Validation of Clear-Sky Fluxes for Tropical Oceans from the Earth Radiation Budget Experiment

Abstract

The existence and magnitude of a systematic bias in the clear-sky longwave fluxes from the Earth Radiation Budget Experiment (ERBE) is investigated. The bias is apparently introduced because the ERBE method for scene identification does not account for large zonal gradients in longwave absorption by water vapor. The ERBE fluxes are compared to fluxes calculated with a radiative transfer model from ship radiosonde measurements. The comparison is based upon an analysis of 5 yr of coincident satellite and radiosonde observations for equatorial ocean regions. The differences between the ERBE and model fluxes are examined as functions of sea surface temperature (SST) and relative humidity. The authors use height-mean relative humidity R̄H̄ as an index of atmospheric moisture. The average offset between the model and ERBE fluxes ranges between +2 and +6 W m⁻² for SSTs above 295 K, and the gradients with respect to SST are nearly identical. However, the difference between the model and ERBE depends significantly on the tropospheric relative humidity.

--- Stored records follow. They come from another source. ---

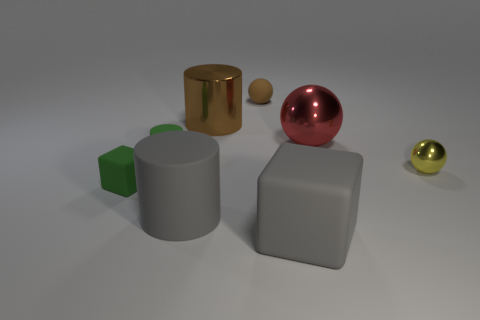Subtract all large cylinders. How many cylinders are left? 1 Add 1 brown cylinders. How many objects exist? 9 Subtract 1 spheres. How many spheres are left? 2 Subtract all balls. How many objects are left? 5 Subtract all green cylinders. How many cylinders are left? 2 Subtract all red blocks. Subtract all green cylinders. How many blocks are left? 2 Add 1 tiny spheres. How many tiny spheres are left? 3 Add 2 green objects. How many green objects exist? 4 Subtract 0 red cylinders. How many objects are left? 8 Subtract all brown cylinders. How many purple blocks are left? 0 
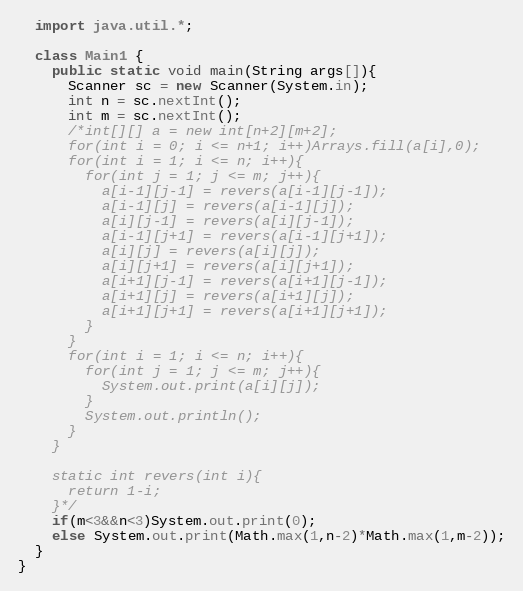Convert code to text. <code><loc_0><loc_0><loc_500><loc_500><_Java_>  import java.util.*;

  class Main1 {
    public static void main(String args[]){
      Scanner sc = new Scanner(System.in);
      int n = sc.nextInt();
      int m = sc.nextInt();
      /*int[][] a = new int[n+2][m+2];
      for(int i = 0; i <= n+1; i++)Arrays.fill(a[i],0);
      for(int i = 1; i <= n; i++){
        for(int j = 1; j <= m; j++){
          a[i-1][j-1] = revers(a[i-1][j-1]);
          a[i-1][j] = revers(a[i-1][j]);
          a[i][j-1] = revers(a[i][j-1]);
          a[i-1][j+1] = revers(a[i-1][j+1]);
          a[i][j] = revers(a[i][j]);
          a[i][j+1] = revers(a[i][j+1]);
          a[i+1][j-1] = revers(a[i+1][j-1]);
          a[i+1][j] = revers(a[i+1][j]);
          a[i+1][j+1] = revers(a[i+1][j+1]);
        }
      }
      for(int i = 1; i <= n; i++){
        for(int j = 1; j <= m; j++){
          System.out.print(a[i][j]);
        }
        System.out.println();
      }
    }

    static int revers(int i){
      return 1-i;
    }*/
    if(m<3&&n<3)System.out.print(0);
    else System.out.print(Math.max(1,n-2)*Math.max(1,m-2));
  }
}
</code> 
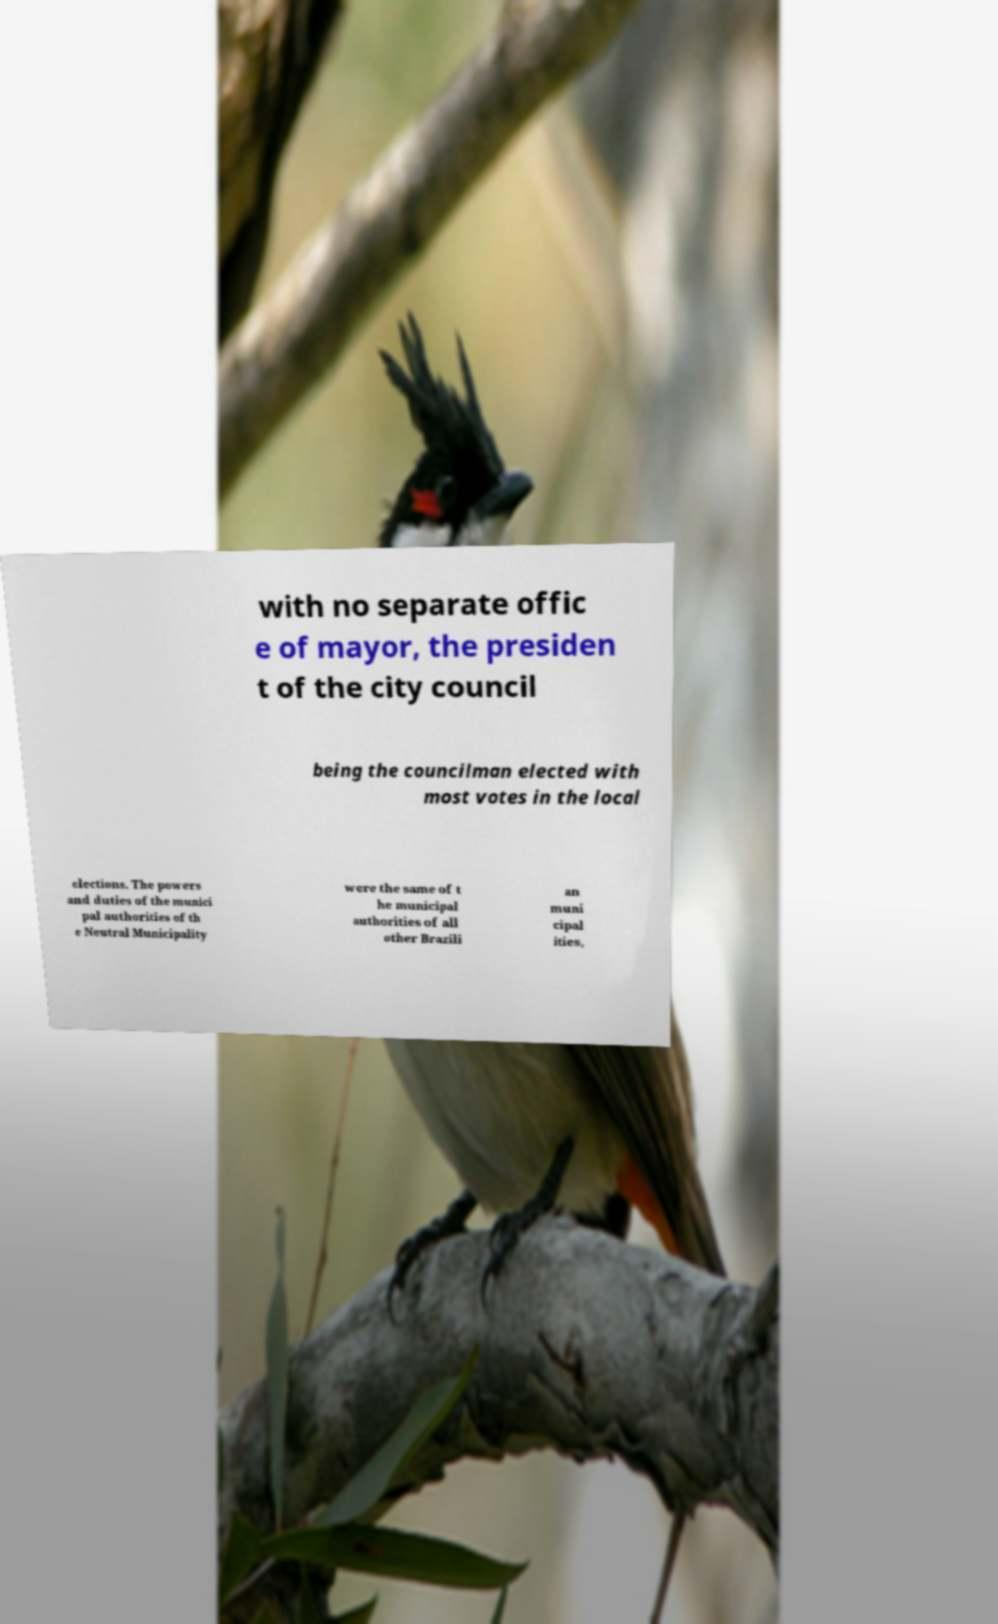Can you accurately transcribe the text from the provided image for me? with no separate offic e of mayor, the presiden t of the city council being the councilman elected with most votes in the local elections. The powers and duties of the munici pal authorities of th e Neutral Municipality were the same of t he municipal authorities of all other Brazili an muni cipal ities, 
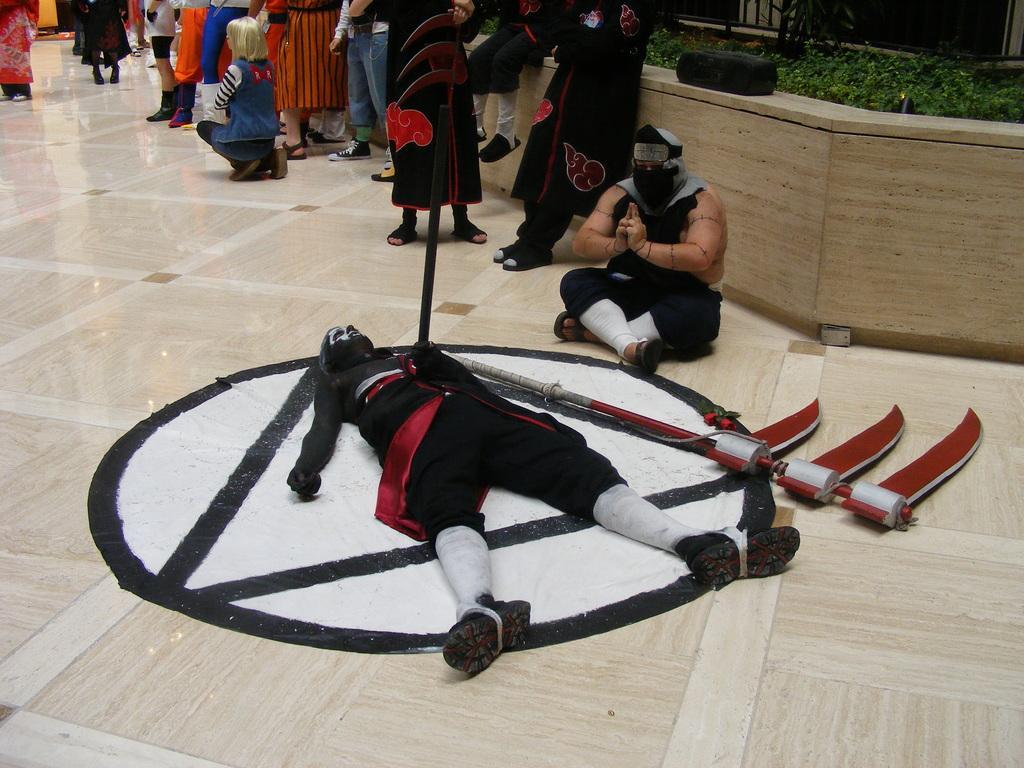Could you give a brief overview of what you see in this image? In this picture we can see a person lying and a few things are visible on the floor. We can see a few people, plants and other objects. There is a person sitting on the floor. We can see the reflections of some people, lights and other objects on the floor. 
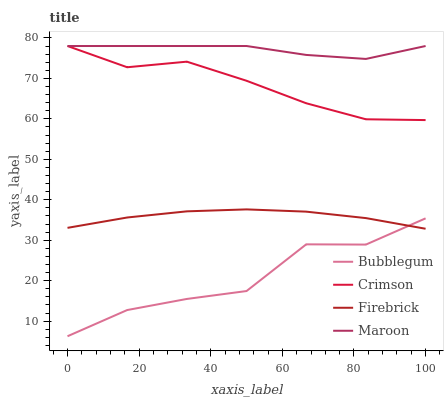Does Bubblegum have the minimum area under the curve?
Answer yes or no. Yes. Does Maroon have the maximum area under the curve?
Answer yes or no. Yes. Does Firebrick have the minimum area under the curve?
Answer yes or no. No. Does Firebrick have the maximum area under the curve?
Answer yes or no. No. Is Firebrick the smoothest?
Answer yes or no. Yes. Is Bubblegum the roughest?
Answer yes or no. Yes. Is Maroon the smoothest?
Answer yes or no. No. Is Maroon the roughest?
Answer yes or no. No. Does Bubblegum have the lowest value?
Answer yes or no. Yes. Does Firebrick have the lowest value?
Answer yes or no. No. Does Maroon have the highest value?
Answer yes or no. Yes. Does Firebrick have the highest value?
Answer yes or no. No. Is Firebrick less than Maroon?
Answer yes or no. Yes. Is Crimson greater than Firebrick?
Answer yes or no. Yes. Does Crimson intersect Maroon?
Answer yes or no. Yes. Is Crimson less than Maroon?
Answer yes or no. No. Is Crimson greater than Maroon?
Answer yes or no. No. Does Firebrick intersect Maroon?
Answer yes or no. No. 
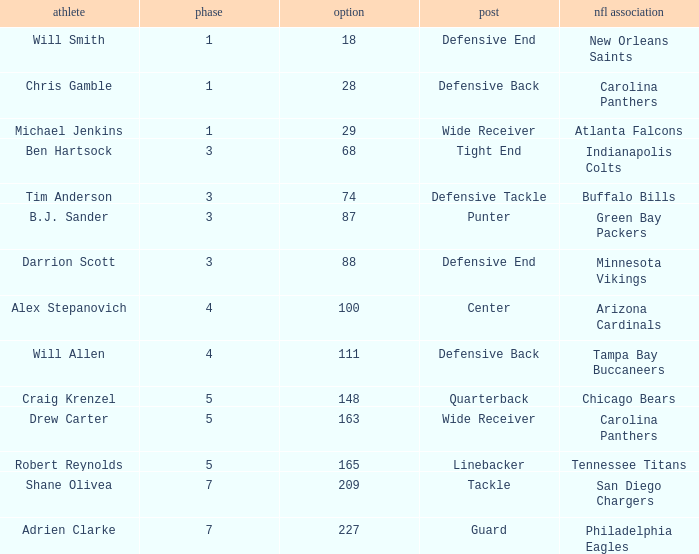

ERBE fluxes exceed model fluxes for R̄Hmacr; above 70%, and the maximum offset of +9 to +12 W m⁻² is consistent with previous estimates. There are also indications that the clear-sky fluxes for R̄Hmacr; below 25% may be underestimated by about 10–15 W m⁻². Since extreme values of height-mean humidity are relatively infrequent, the net bias introduced in the ERBE monthly mean clear-sky fluxes is generally less than the systematic error in estimates of the instantaneous fluxes. These findings support earlier work on the coupling between, SST and the atmospheric greenhouse effect, in particular the existence of a super greenhouse effect for oceans warmer than 300 K. Recent reports of much larger systematic differences are not supported by this analysis. The results indicate that comparison of GCM and ERBE clear-sky longwave fluxes will depend explicitly on atmospheric humidity.